Nuray Deliktaş

Personal information
- Nationality: Turkish
- Born: 1 January 1971 (age 55) Buca, İzmir, Turkey

Sport
- Country: Turkey
- Sport: Taekwondo
- Events: Featherweight, Flyweight

Medal record
Women's Taekwondo
World Championships
| Silver medal – second place | 1993 New York City | Featherweight |
| Bronze medal – third place | 1995 Manila | Featherweight |
European Championships
| Gold medal – first place | 1992 Valencia | Featherweight |
World Cup
| Bronze medal – third place | 1994 George Town | Featherweight |

= Nuray Deliktaş =

Turkish taekwondo practitioner

Nuray Deliktaş (born 1971) is a retired Turkish taekwondo practitioner who competed internationally in the early 1990s, achieving notable success including a European Championship title and medals at the World Championships.

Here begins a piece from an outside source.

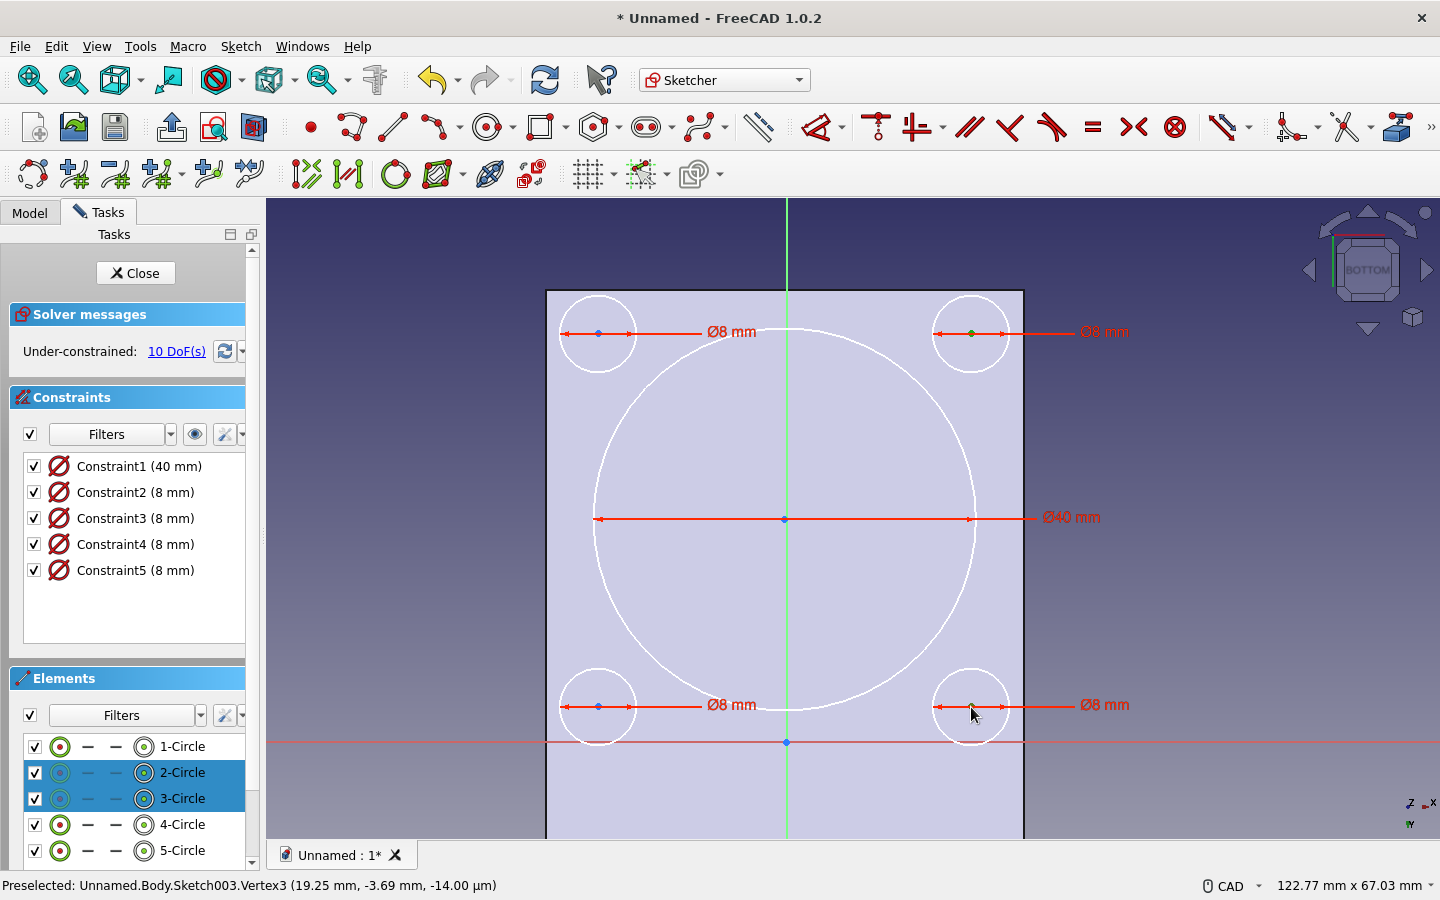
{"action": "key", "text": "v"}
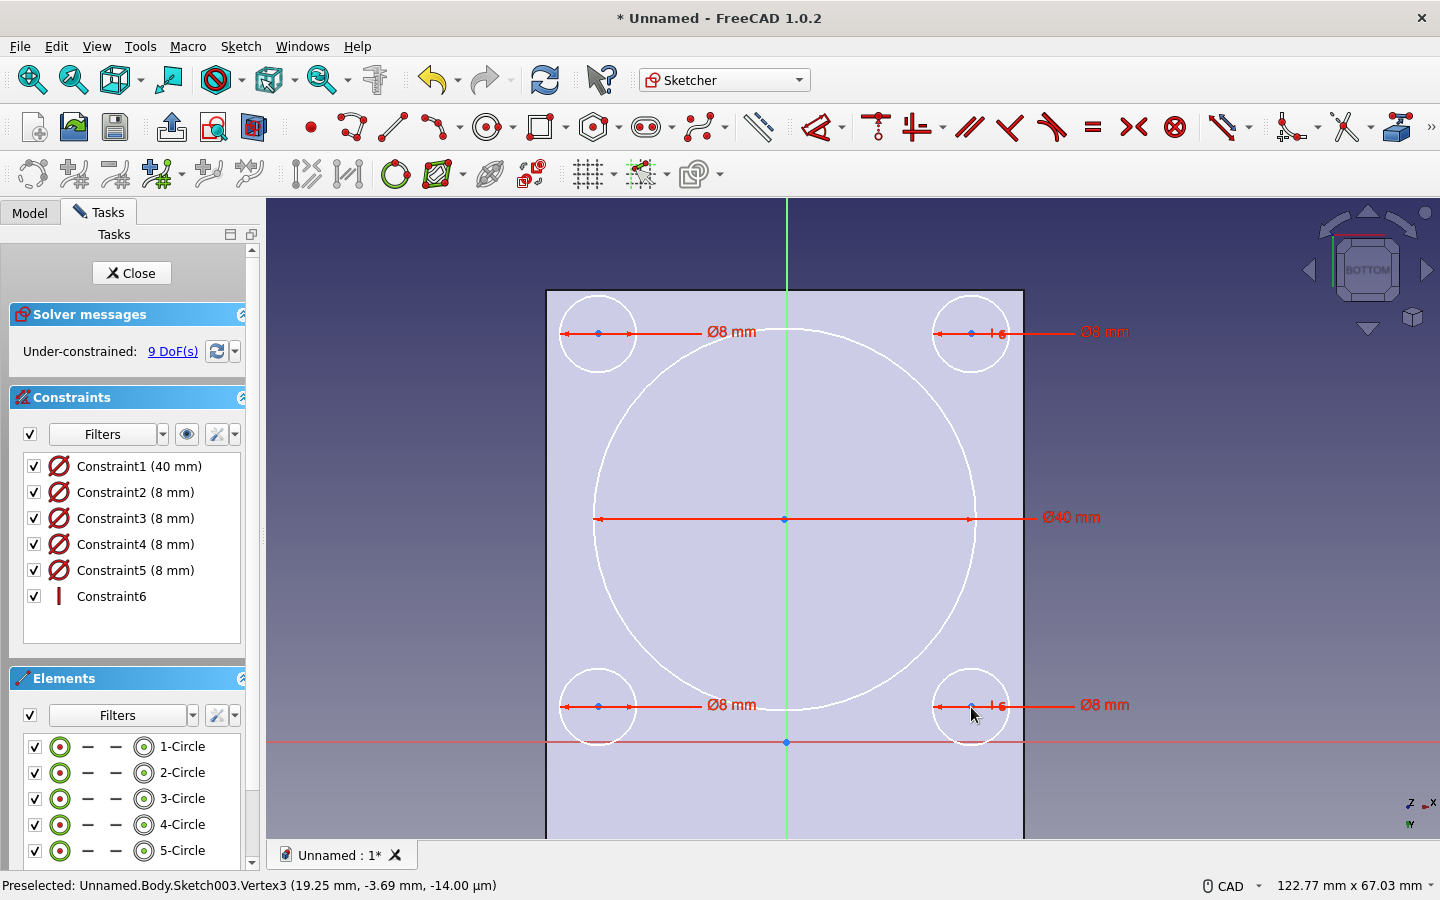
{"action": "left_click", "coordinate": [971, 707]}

== Early life and education ==
Born in 1971 in Buca, İzmir, Turkey, Nuray Deliktaş began practicing taekwondo in 1980. She later graduated from Ege University with a degree in physical education and sports, becoming a qualified teacher.

== Taekwondo career ==
Deliktaş quickly rose to prominence in the national and international taekwondo scene. In 1991, she won a silver medal in the featherweight (–43 kg) division at the World Taekwondo Championships held in Athens, establishing herself as one of Turkey's top female athletes in the sport.

In 1992, Deliktaş captured the gold medal at the European Taekwondo Championships in Valencia, Spain, further elevating the status of Turkish women in international taekwondo competitions.

The following year, she earned a bronze medal in the flyweight (–47 kg) category at the 1993 World Taekwondo Championships in New York City.

Deliktaş also claimed medals at other prestigious events, including a bronze at the 1994 World Cup in George Town and a bronze at the 1995 World Championships in Manila, demonstrating consistent performance at the highest levels.

She retired from active competition in 1999 and has since been involved in coaching roles at Sude Sports Club and with the Turkish national team.

== Personal life ==
Nuray Deliktaş is married and has one child.